When working with sparse matrices in Julia, it is often necessary to construct matrices with multiple diagonals. In this article, we will explore three different ways to construct non-square sparse matrices with multiple diagonals in Julia.

## Method 1: Using the `spdiagm` function

The `spdiagm` function in Julia allows us to construct a sparse matrix with specified diagonals. We can pass an array of values for each diagonal, and the function will create a sparse matrix with those diagonals.

```
using SparseArrays
# Define the values for each diagonal
diagonals = [1, 2, 3]
# Construct the sparse matrix
A = spdiagm(diagonals, [-1, 0, 1], 4, 4)
```

In this example, we are constructing a 4×4 sparse matrix with three diagonals. The values for each diagonal are specified in the `diagonals` array, and the corresponding positions of the diagonals are specified in the second argument of the `spdiagm` function.

## Method 2: Using the `spdiag` function

The `spdiag` function in Julia allows us to construct a sparse matrix with a single diagonal. We can then combine multiple sparse matrices with single diagonals to create a sparse matrix with multiple diagonals.

```
using SparseArrays
# Define the values for each diagonal
diagonals = [1, 2, 3]
# Construct the sparse matrices with single diagonals
A1 = spdiag(diagonals[1], 4, 4)
A2 = spdiag(diagonals[2], 4, 4)
A3 = spdiag(diagonals[3], 4, 4)
# Combine the sparse matrices to create a matrix with multiple diagonals
A = A1 + A2 + A3
```

In this example, we are constructing three sparse matrices with single diagonals using the `spdiag` function. We then combine these sparse matrices using the addition operator to create a sparse matrix with multiple diagonals.

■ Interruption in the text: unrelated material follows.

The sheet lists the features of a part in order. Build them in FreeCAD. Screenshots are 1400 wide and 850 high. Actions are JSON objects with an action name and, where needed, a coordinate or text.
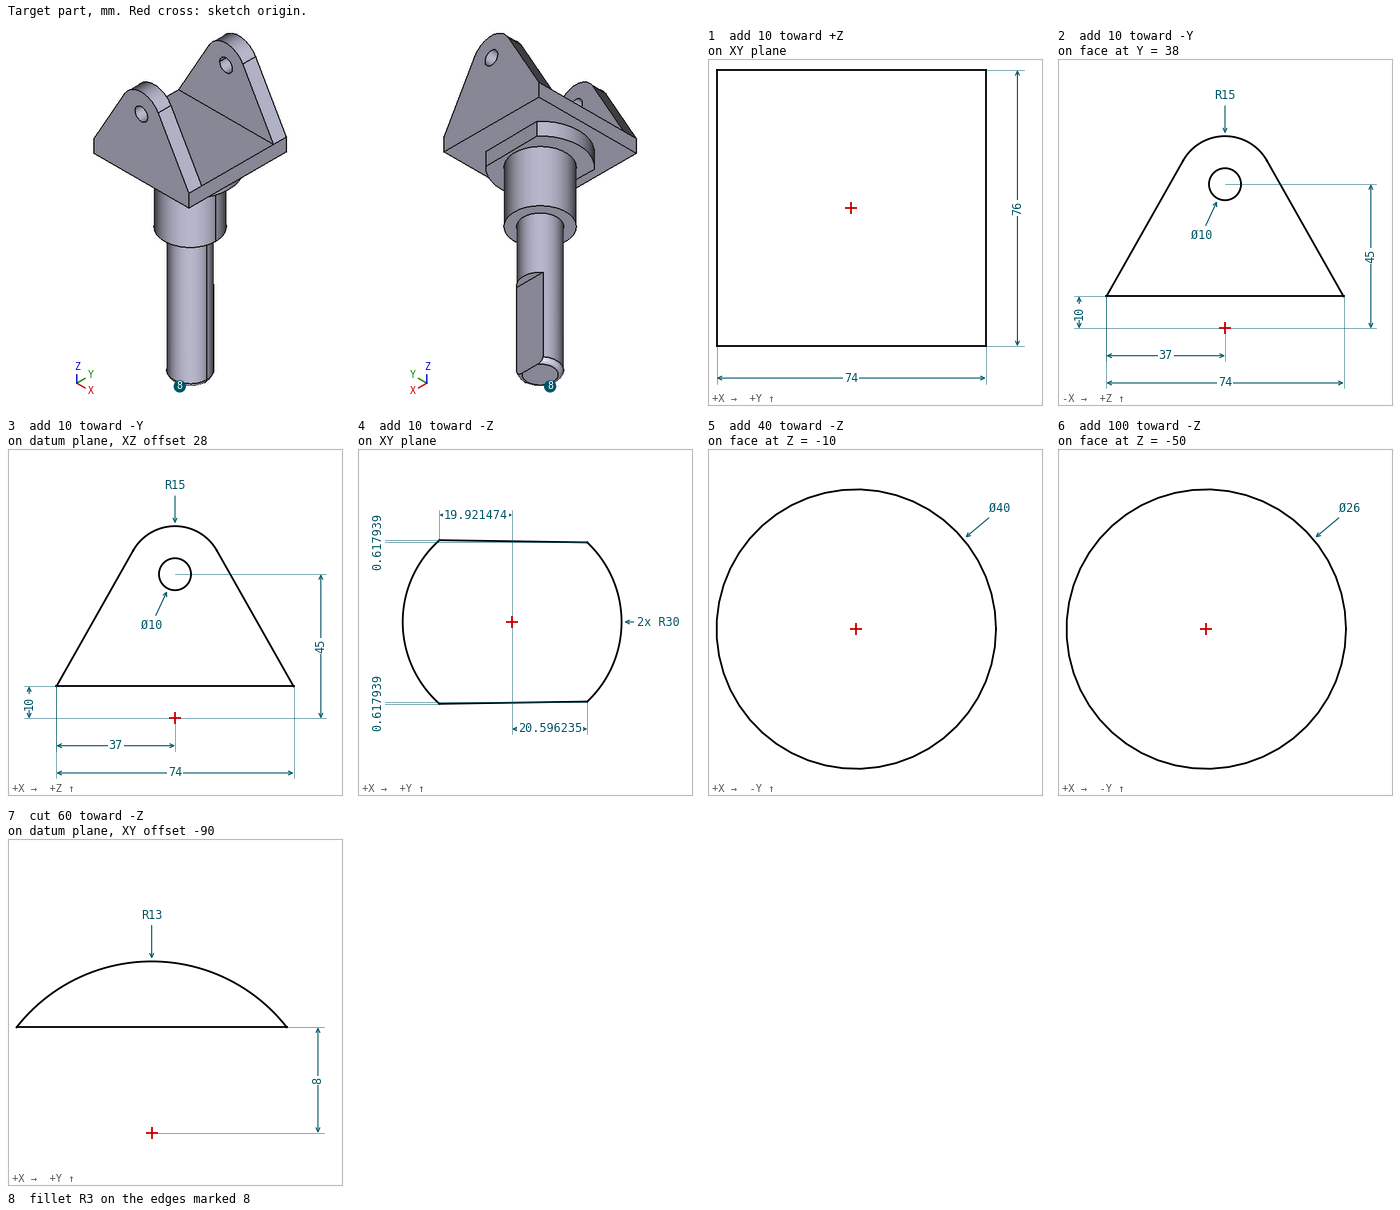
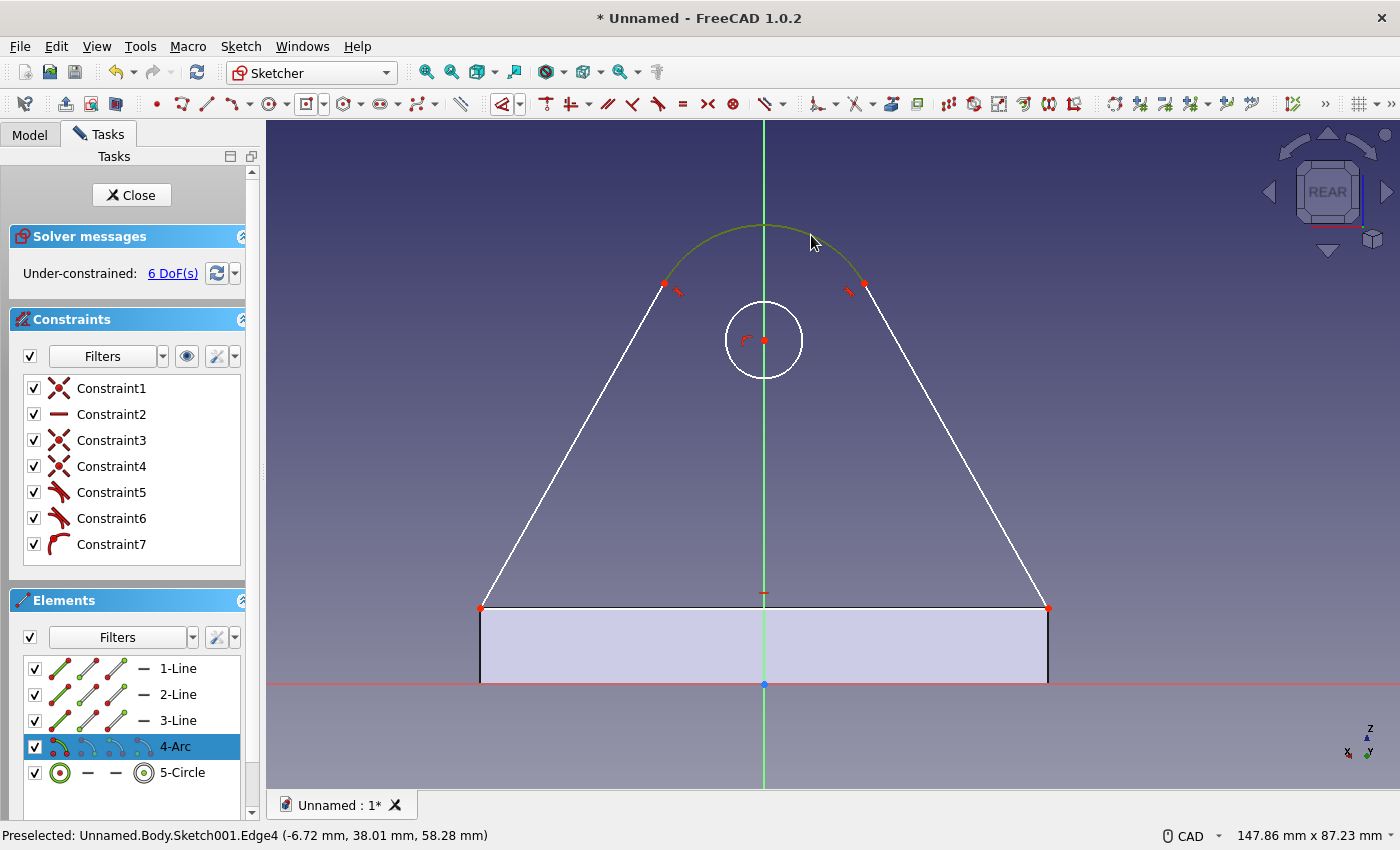
{"action": "left_click", "coordinate": [520, 104]}

## Method 3: Using the `sparse` function

The `sparse` function in Julia allows us to construct a sparse matrix by specifying the non-zero values and their positions. We can use this function to construct a sparse matrix with multiple diagonals by specifying the values and positions of the diagonals.

```
using SparseArrays
# Define the values for each diagonal
diagonals = [1, 2, 3]
# Define the positions of the diagonals
positions = [-1, 0, 1]
# Construct the sparse matrix
A = sparse([diagonals[1]; diagonals[2]; diagonals[3]], [positions[1]; positions[2]; positions[3]], 4, 4)
```

In this example, we are constructing a sparse matrix with three diagonals using the `sparse` function. We specify the values and positions of the diagonals as separate arrays.

After exploring these three methods, we can conclude that the best option depends on the specific requirements of the problem. If we know the values and positions of the diagonals beforehand, the `spdiagm` function provides a concise and efficient way to construct the sparse matrix. However, if we need more flexibility in constructing the matrix, the `spdiag` and `sparse` functions allow us to specify the values and positions of the diagonals separately.